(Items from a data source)
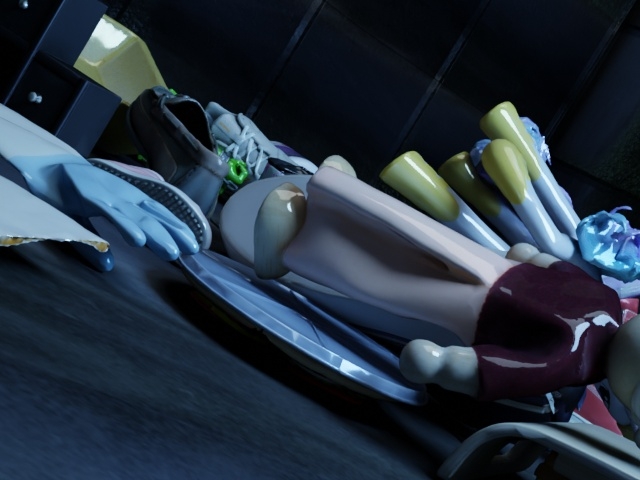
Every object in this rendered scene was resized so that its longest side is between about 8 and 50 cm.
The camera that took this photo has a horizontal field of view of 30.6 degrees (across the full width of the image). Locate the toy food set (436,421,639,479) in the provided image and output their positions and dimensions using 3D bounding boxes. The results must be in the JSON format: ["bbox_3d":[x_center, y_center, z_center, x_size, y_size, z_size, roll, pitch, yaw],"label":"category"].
[{"bbox_3d":[0.238,0.207,0.742,0.306,0.092,0.220,25,2,26],"label":"toy food set"}]

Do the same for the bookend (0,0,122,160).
[{"bbox_3d":[-0.241,-0.165,1.052,0.157,0.156,0.072,34,4,21],"label":"bookend"}]

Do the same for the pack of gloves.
[{"bbox_3d":[-0.200,-0.032,0.706,0.232,0.046,0.195,30,15,28],"label":"pack of gloves"}]

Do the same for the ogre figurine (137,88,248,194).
[{"bbox_3d":[-0.174,-0.122,1.463,0.118,0.097,0.197,42,10,-30],"label":"ogre figurine"}]

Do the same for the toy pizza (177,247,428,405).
[{"bbox_3d":[-0.016,0.066,0.811,0.201,0.032,0.201,30,4,-2],"label":"toy pizza"}]

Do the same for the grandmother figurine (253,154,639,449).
[{"bbox_3d":[0.121,0.044,0.776,0.342,0.104,0.208,22,40,24],"label":"grandmother figurine"}]

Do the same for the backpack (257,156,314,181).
[{"bbox_3d":[0.000,0.000,1.129,0.152,0.115,0.182,30,-1,43],"label":"backpack"}]

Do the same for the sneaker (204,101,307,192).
[{"bbox_3d":[-0.093,-0.102,1.528,0.262,0.099,0.121,33,-20,51],"label":"sneaker"}]

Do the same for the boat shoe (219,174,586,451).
[{"bbox_3d":[0.068,0.065,0.968,0.340,0.127,0.158,23,-35,31],"label":"boat shoe"}]

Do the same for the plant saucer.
[{"bbox_3d":[-0.333,-0.229,1.357,0.332,0.081,0.333,28,17,-32],"label":"plant saucer"}]

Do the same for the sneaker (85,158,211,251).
[{"bbox_3d":[-0.129,-0.026,0.937,0.134,0.051,0.070,29,8,24],"label":"sneaker"}]

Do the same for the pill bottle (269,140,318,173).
[{"bbox_3d":[-0.052,-0.074,1.674,0.108,0.108,0.193,30,4,-23],"label":"pill bottle"}]

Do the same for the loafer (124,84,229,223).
[{"bbox_3d":[-0.130,-0.097,1.154,0.096,0.084,0.267,32,18,-27],"label":"loafer"}]

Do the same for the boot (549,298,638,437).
[{"bbox_3d":[0.364,0.169,1.354,0.244,0.176,0.088,34,3,14],"label":"boot"}]

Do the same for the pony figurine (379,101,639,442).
[{"bbox_3d":[0.247,0.044,1.135,0.363,0.303,0.351,53,20,10],"label":"pony figurine"}]

#### [TASK TO CARRY OUT]
Keep the pictures out and transcribe the entries exactly.

#### [TASK RESULT]
Every object in this rendered scene was resized so that its longest side is between about 8 and 50 cm.
The camera that took this photo has a horizontal field of view of 30.6 degrees (across the full width of the image). Locate the toy food set (436,421,639,479) in the provided image and output their positions and dimensions using 3D bounding boxes. The results must be in the JSON format: ["bbox_3d":[x_center, y_center, z_center, x_size, y_size, z_size, roll, pitch, yaw],"label":"category"].
[{"bbox_3d":[0.238,0.207,0.742,0.306,0.092,0.220,25,2,26],"label":"toy food set"}]

Do the same for the bookend (0,0,122,160).
[{"bbox_3d":[-0.241,-0.165,1.052,0.157,0.156,0.072,34,4,21],"label":"bookend"}]

Do the same for the pack of gloves.
[{"bbox_3d":[-0.200,-0.032,0.706,0.232,0.046,0.195,30,15,28],"label":"pack of gloves"}]

Do the same for the ogre figurine (137,88,248,194).
[{"bbox_3d":[-0.174,-0.122,1.463,0.118,0.097,0.197,42,10,-30],"label":"ogre figurine"}]

Do the same for the toy pizza (177,247,428,405).
[{"bbox_3d":[-0.016,0.066,0.811,0.201,0.032,0.201,30,4,-2],"label":"toy pizza"}]

Do the same for the grandmother figurine (253,154,639,449).
[{"bbox_3d":[0.121,0.044,0.776,0.342,0.104,0.208,22,40,24],"label":"grandmother figurine"}]

Do the same for the backpack (257,156,314,181).
[{"bbox_3d":[0.000,0.000,1.129,0.152,0.115,0.182,30,-1,43],"label":"backpack"}]

Do the same for the sneaker (204,101,307,192).
[{"bbox_3d":[-0.093,-0.102,1.528,0.262,0.099,0.121,33,-20,51],"label":"sneaker"}]

Do the same for the boat shoe (219,174,586,451).
[{"bbox_3d":[0.068,0.065,0.968,0.340,0.127,0.158,23,-35,31],"label":"boat shoe"}]

Do the same for the plant saucer.
[{"bbox_3d":[-0.333,-0.229,1.357,0.332,0.081,0.333,28,17,-32],"label":"plant saucer"}]

Do the same for the sneaker (85,158,211,251).
[{"bbox_3d":[-0.129,-0.026,0.937,0.134,0.051,0.070,29,8,24],"label":"sneaker"}]

Do the same for the pill bottle (269,140,318,173).
[{"bbox_3d":[-0.052,-0.074,1.674,0.108,0.108,0.193,30,4,-23],"label":"pill bottle"}]

Do the same for the loafer (124,84,229,223).
[{"bbox_3d":[-0.130,-0.097,1.154,0.096,0.084,0.267,32,18,-27],"label":"loafer"}]

Do the same for the boot (549,298,638,437).
[{"bbox_3d":[0.364,0.169,1.354,0.244,0.176,0.088,34,3,14],"label":"boot"}]

Do the same for the pony figurine (379,101,639,442).
[{"bbox_3d":[0.247,0.044,1.135,0.363,0.303,0.351,53,20,10],"label":"pony figurine"}]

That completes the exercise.